Keeping Full History with the API


#1

I’m looking to pull all of my requests records out of the pi to keep in a separate database.
Currently I was setting up to use mySQL and was using node-red to initiate the pull based on a timer.
I’ve been trying to get the API to work, but I’ve run into some problems.

  • I can’t filter the admin/api.php?getAllQueries route. https://discourse.pi-hole.net/t/pi-hole-api/1863 The API doc says there are “undocumented filters” but as far as I can tell from github none of these filters are exposed in the php route.This isn’t 100% blocking but it would be nice to only request records I don’t already have. GitHub Places of interest: PHP FTL
  • Even if I could filter for the times I wanted I would have no way to identify duplicates. The internal system is keeping a unique ID but the API doesn’t expose it. The records themselves are not unique, over a 2 hour period I have about 10-15% “duplicate” records same [timestamp,IP,request,RequestType(IPv4/IPv6),responseType(enumeration)]

Has anyone solved these issues? Google search didn’t turn up too much.
Maybe I would have better luck trying to grab data out of the sqlite database the pi is running for itself?
Or maybe there is a log that I haven’t found that I could parse and write to my DB?

Thanks in advance for the help!

P.S. First post!


#2

#3

This is just what I was going to suggest to you. This will be the most simple way of doing it and will give you immediate access also to the UUIDs, hence duplication prevention will be a piece of cake.

If you still want to do it through the API, we can walk through the available possibilities but I can already assure you that nothing will come close to the ease of just accessing our SQLite database.

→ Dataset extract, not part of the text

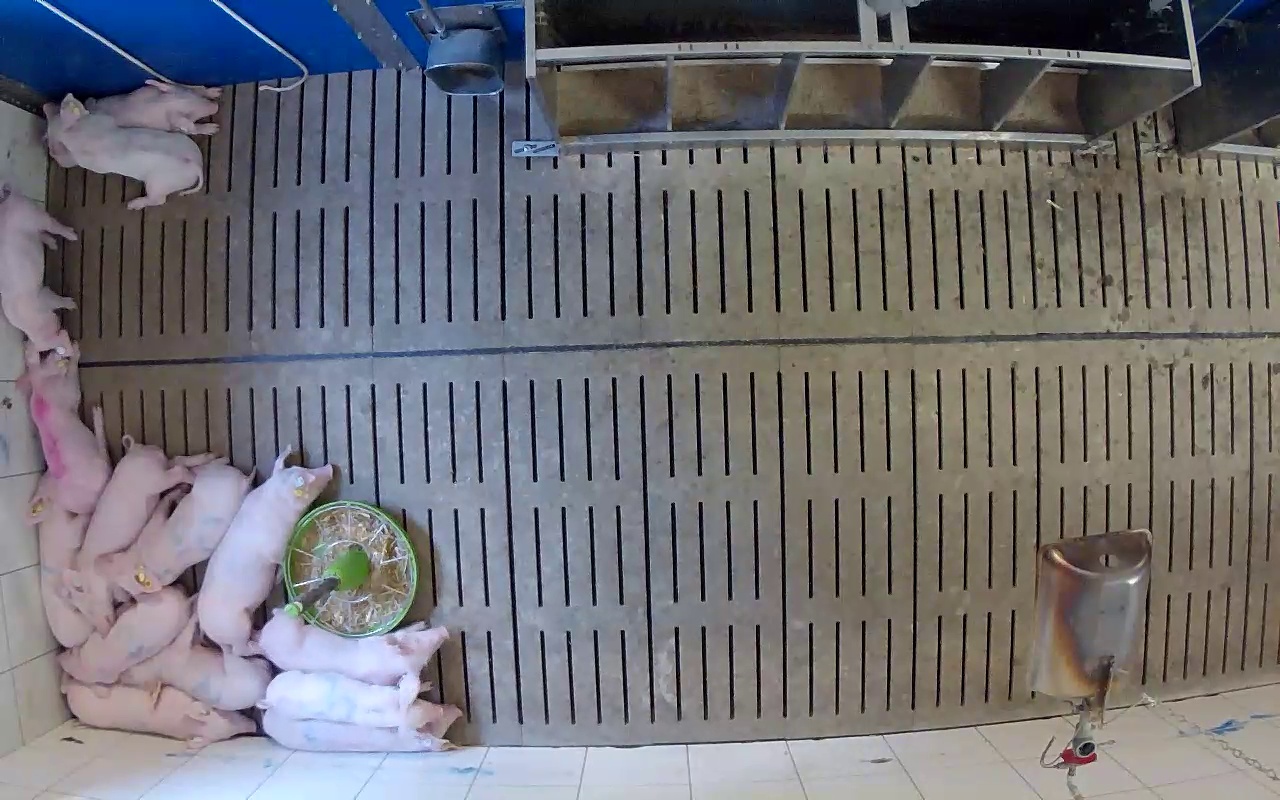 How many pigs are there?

14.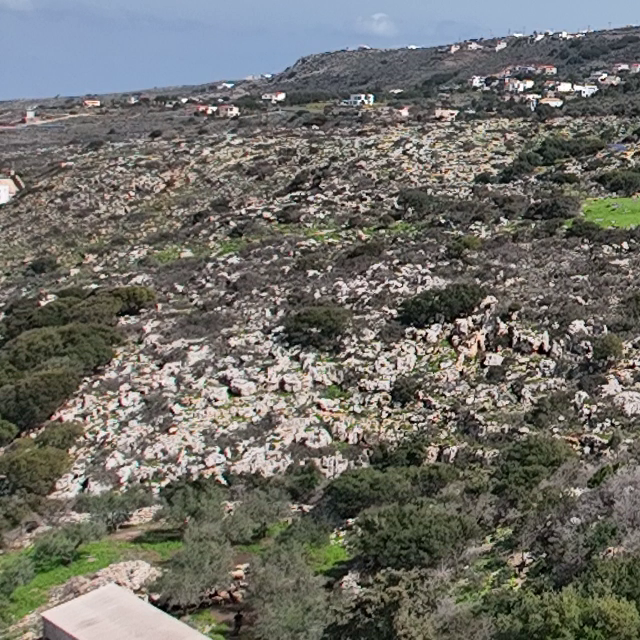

Possible ways of limiting the results from the API would be, e.g.
http://pi.hole/admin/api.php?getAllQueries&from=1525723800&until=1525724400
where from and until are Unix timestamps.


#4

Wow, I swear I tried that! I must have had a typo or something… but I just tried it and it’s working so !THANKS!

On the note of using the SQlite DB that’s already in place I’ll probably switch over to that, I just need to read up on the SQLlite syntax/system.

Do you know if there are any gotchas? (like, Are they ever dumping the records? Is it installed in some weird directory?)


#5

It very similar and probably in most aspects identical to the mySQL syntax.

Yes, the database gets cleared every now and then to keep only queries that are not older than 365 days to limit endless growth of the database. This setting is configurable and could have been changed by the user.

It it located in /etc/pihole/pihole-FTL.db whereas this location is also configurable and could have been changed by the user.

When a user decides to flush the database it may be emptied out. However, with the strong privacy level implementation that will come up with Pi-hole v4.0, I have high hopes that log flushing will not be needed any longer.